# What needs to be done:
Once the line containing "Click on the photo" is reached, copy it and every line after it exactly, to the end of the material, without pictures.

# Record set:
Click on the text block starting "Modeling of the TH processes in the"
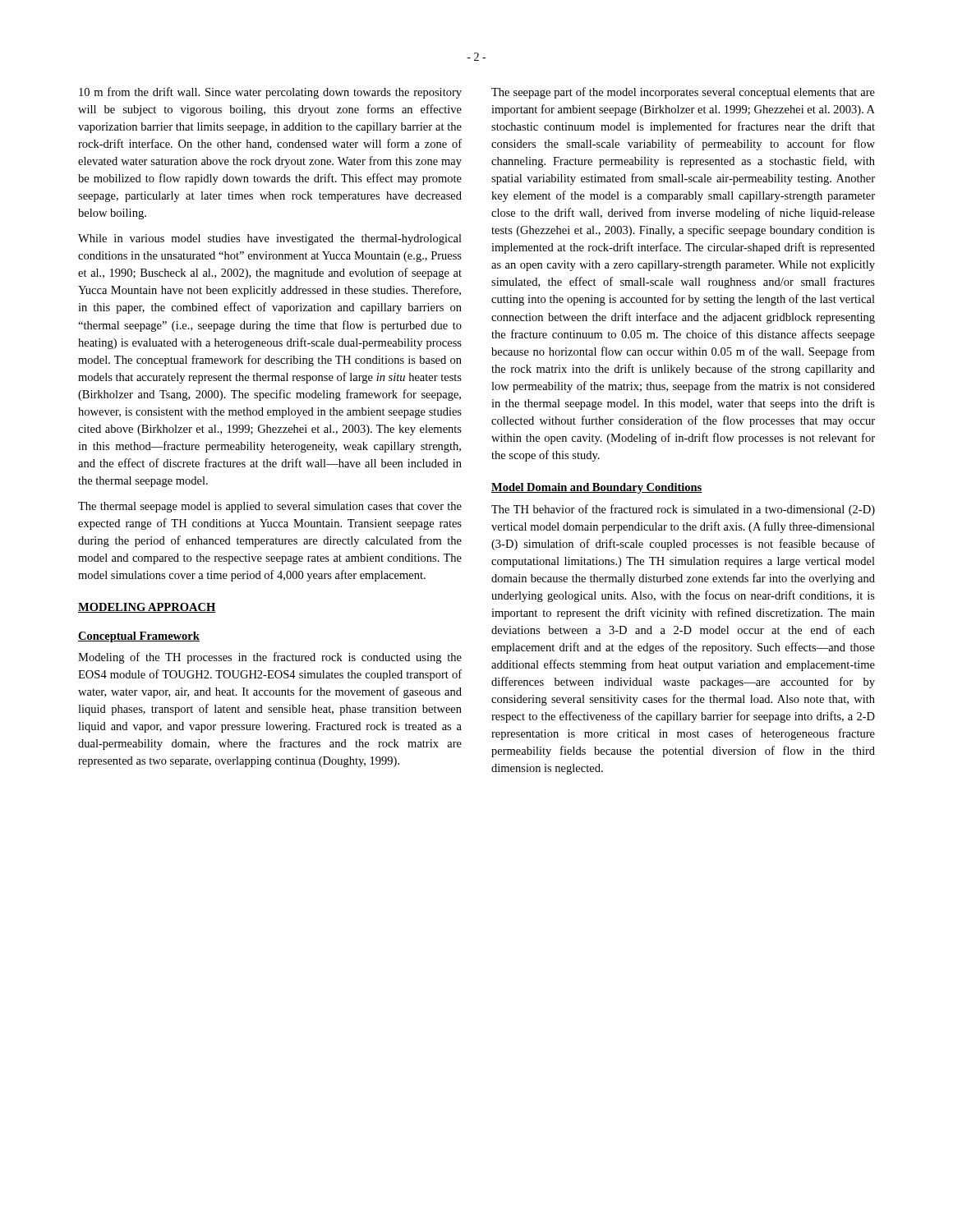953x1232 pixels. [x=270, y=709]
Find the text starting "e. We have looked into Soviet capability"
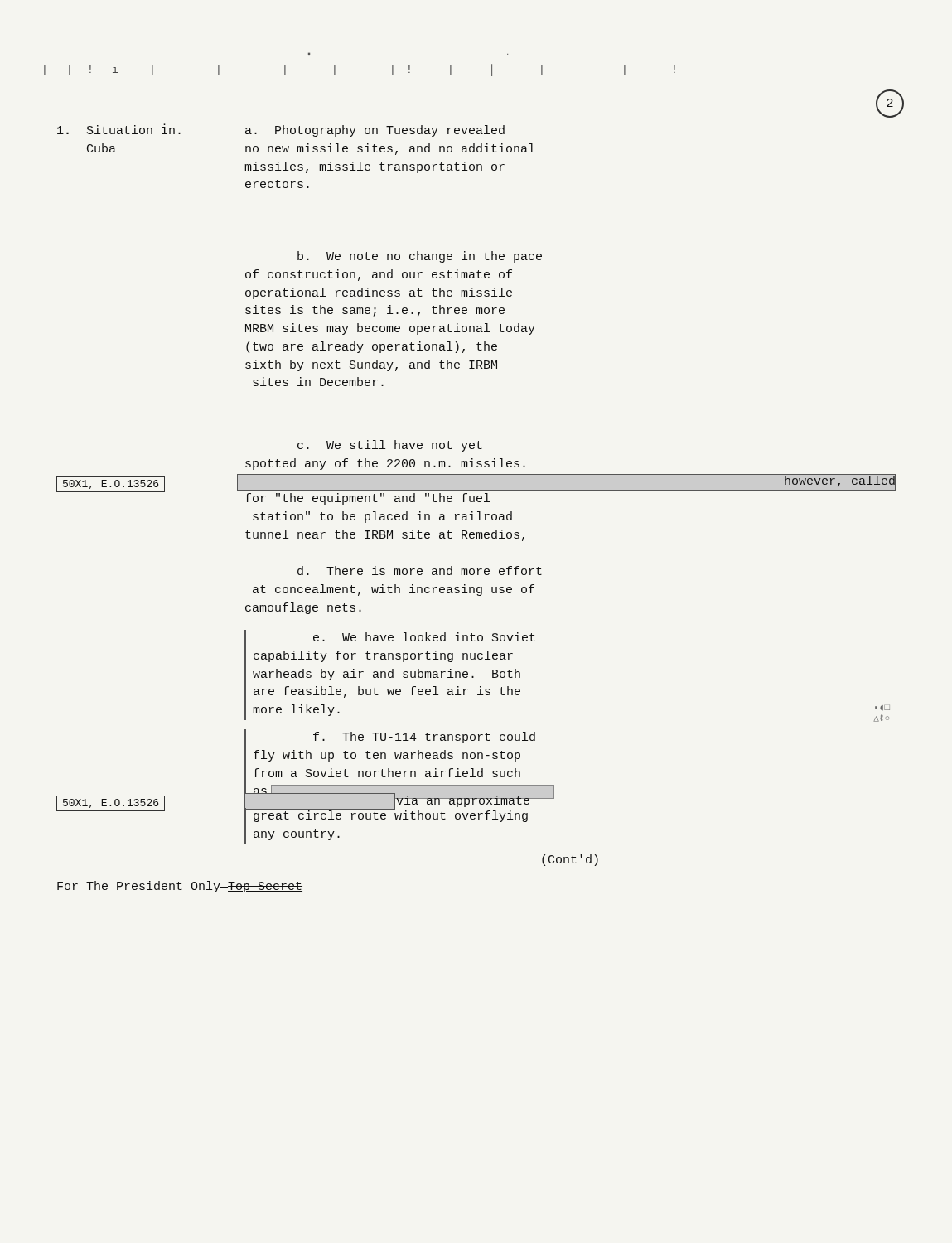The width and height of the screenshot is (952, 1243). (x=394, y=675)
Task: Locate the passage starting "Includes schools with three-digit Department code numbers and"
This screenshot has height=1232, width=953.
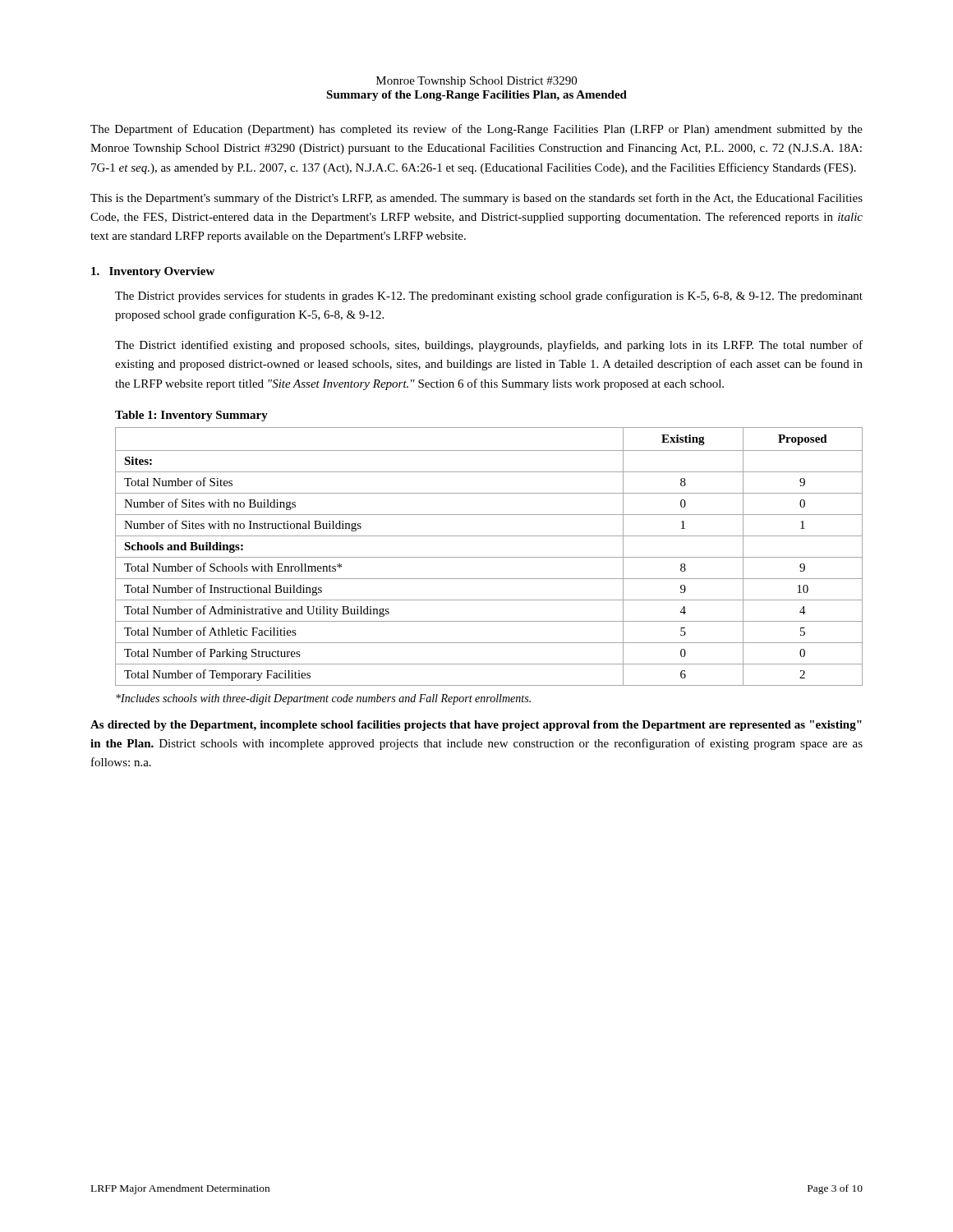Action: coord(323,698)
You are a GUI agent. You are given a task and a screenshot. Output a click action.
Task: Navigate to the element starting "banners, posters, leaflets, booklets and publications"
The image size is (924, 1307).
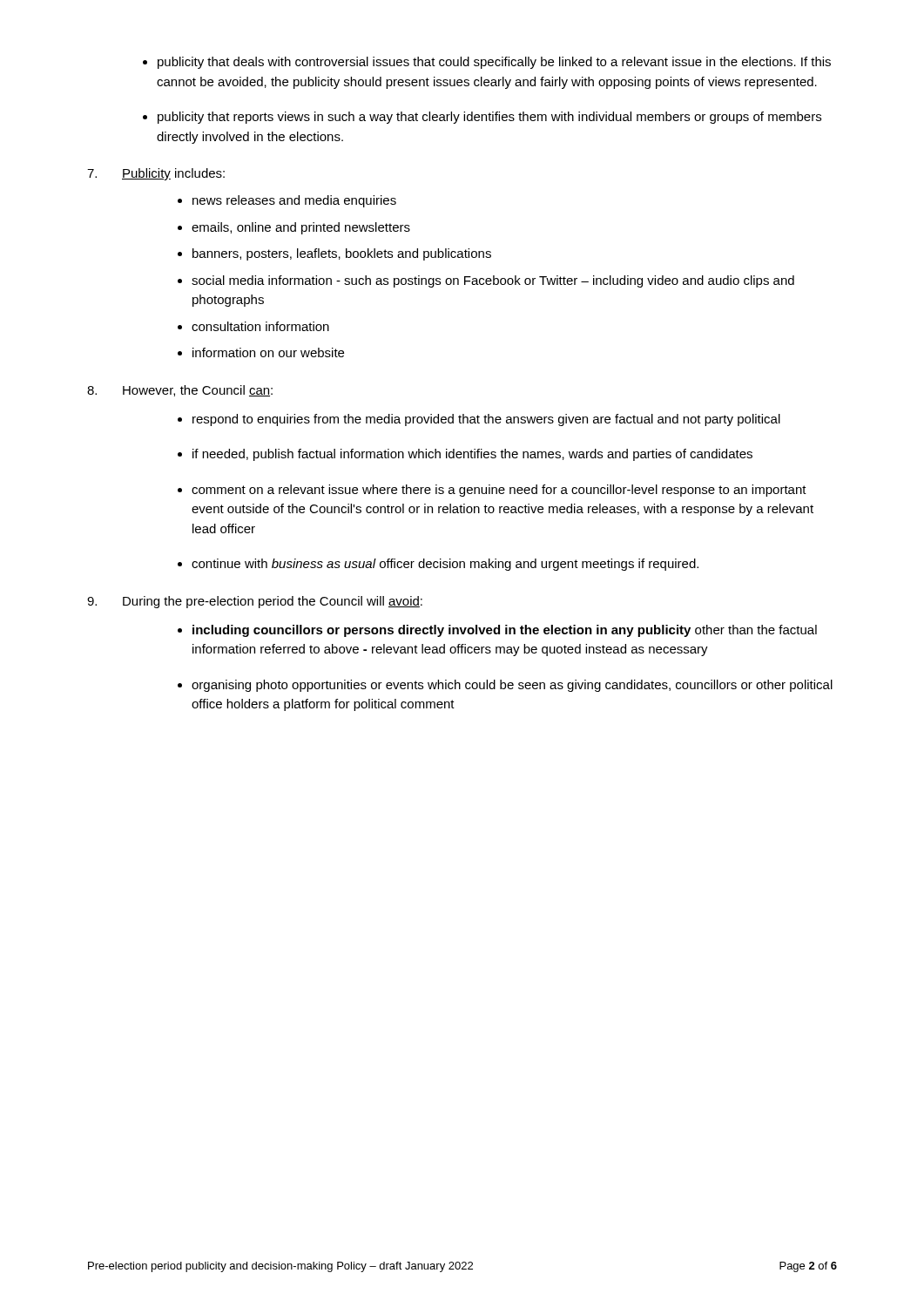point(342,254)
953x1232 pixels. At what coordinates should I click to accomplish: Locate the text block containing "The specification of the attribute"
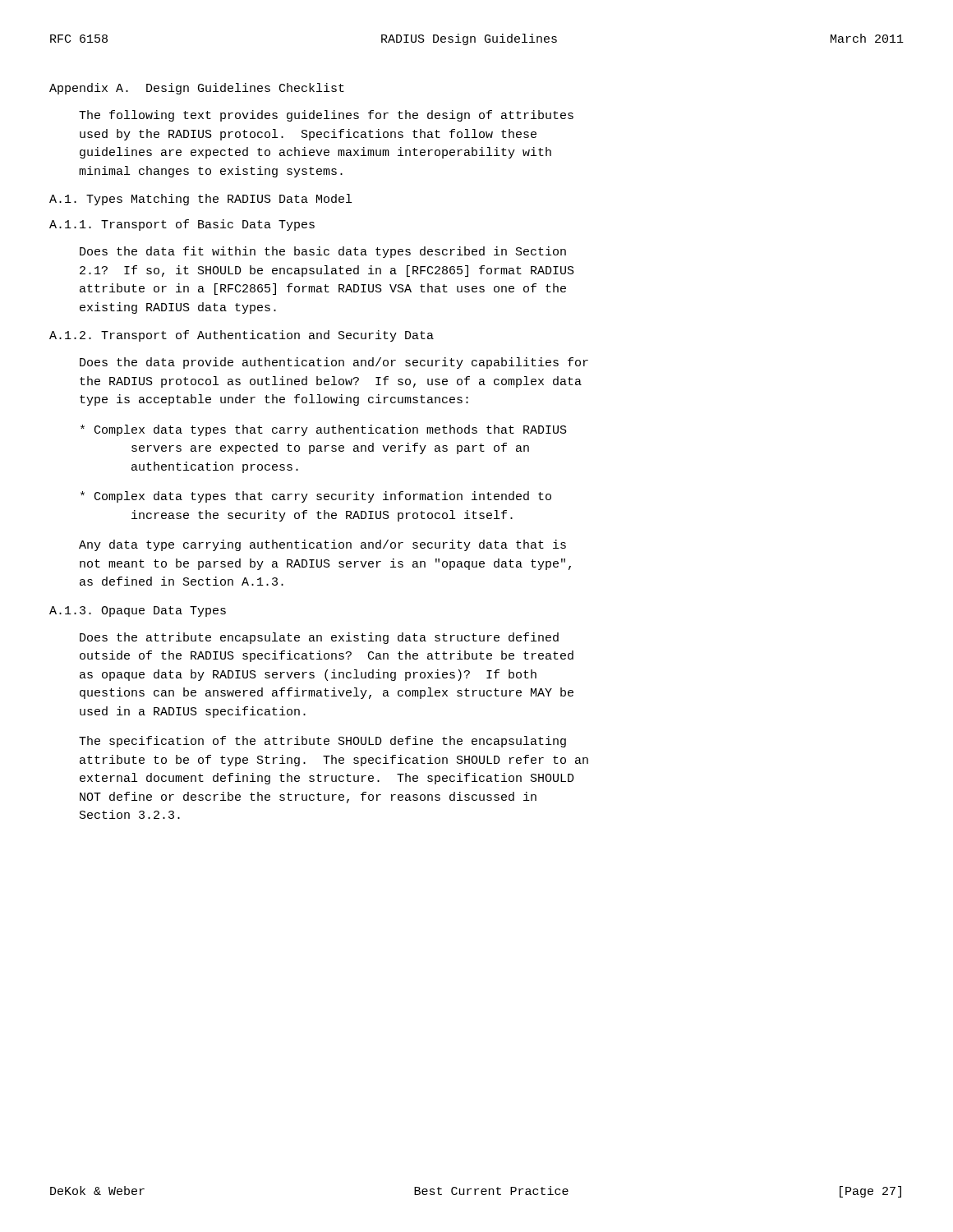(x=334, y=779)
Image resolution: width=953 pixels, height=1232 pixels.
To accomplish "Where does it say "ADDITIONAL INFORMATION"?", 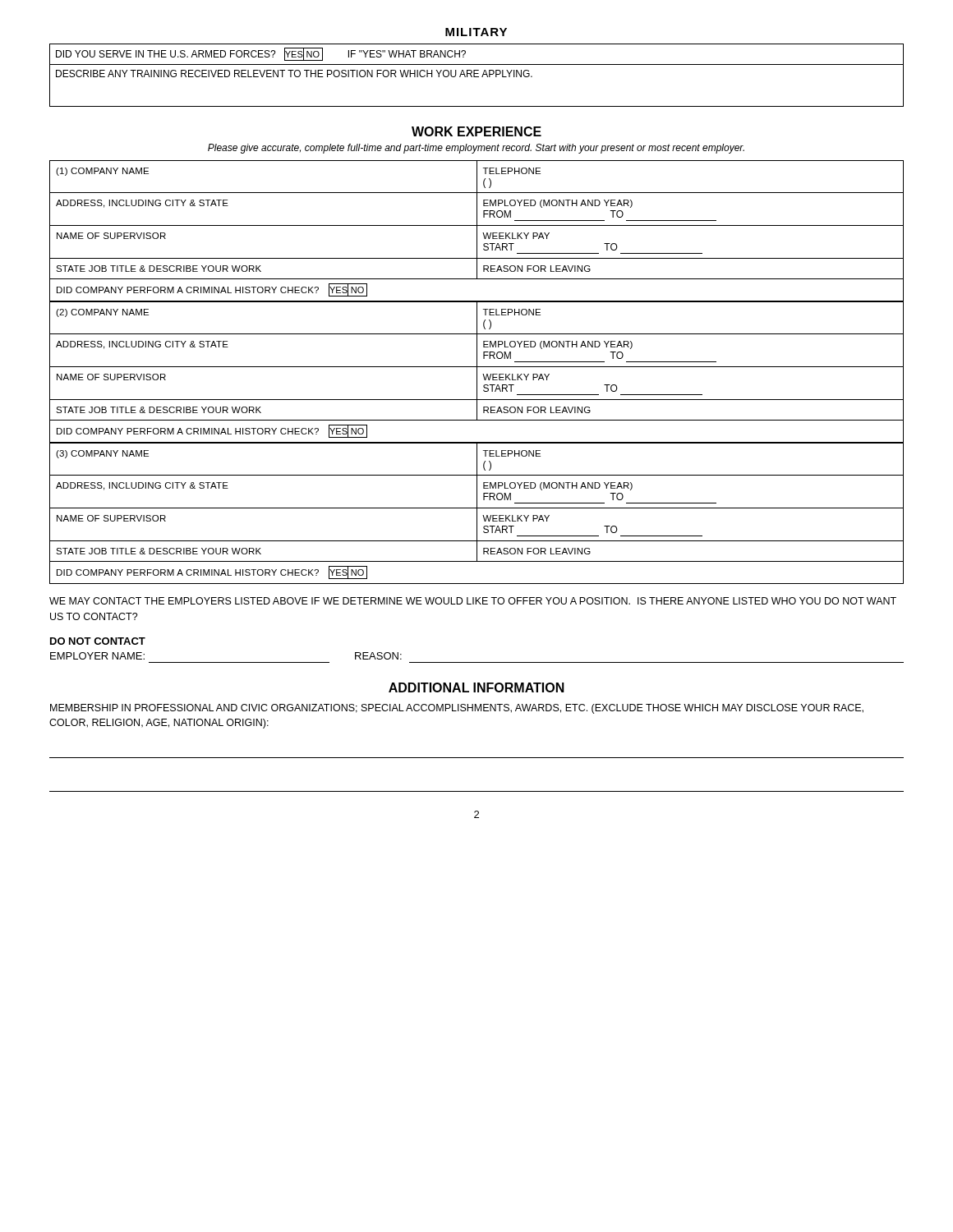I will coord(476,687).
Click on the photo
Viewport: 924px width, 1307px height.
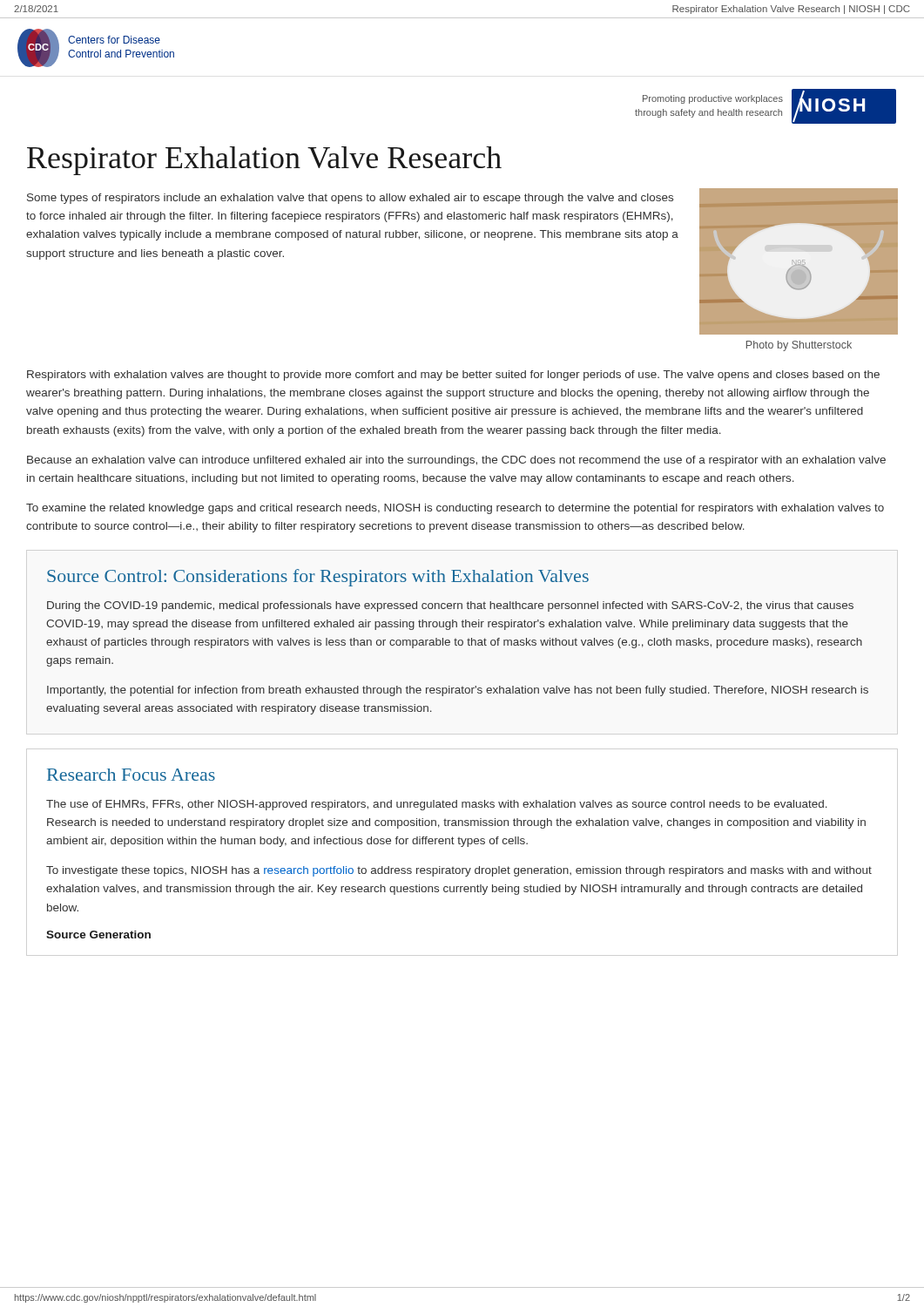click(x=799, y=261)

# Result of the exercise:
Click on the photo
Viewport: 924px width, 1307px height.
click(x=799, y=261)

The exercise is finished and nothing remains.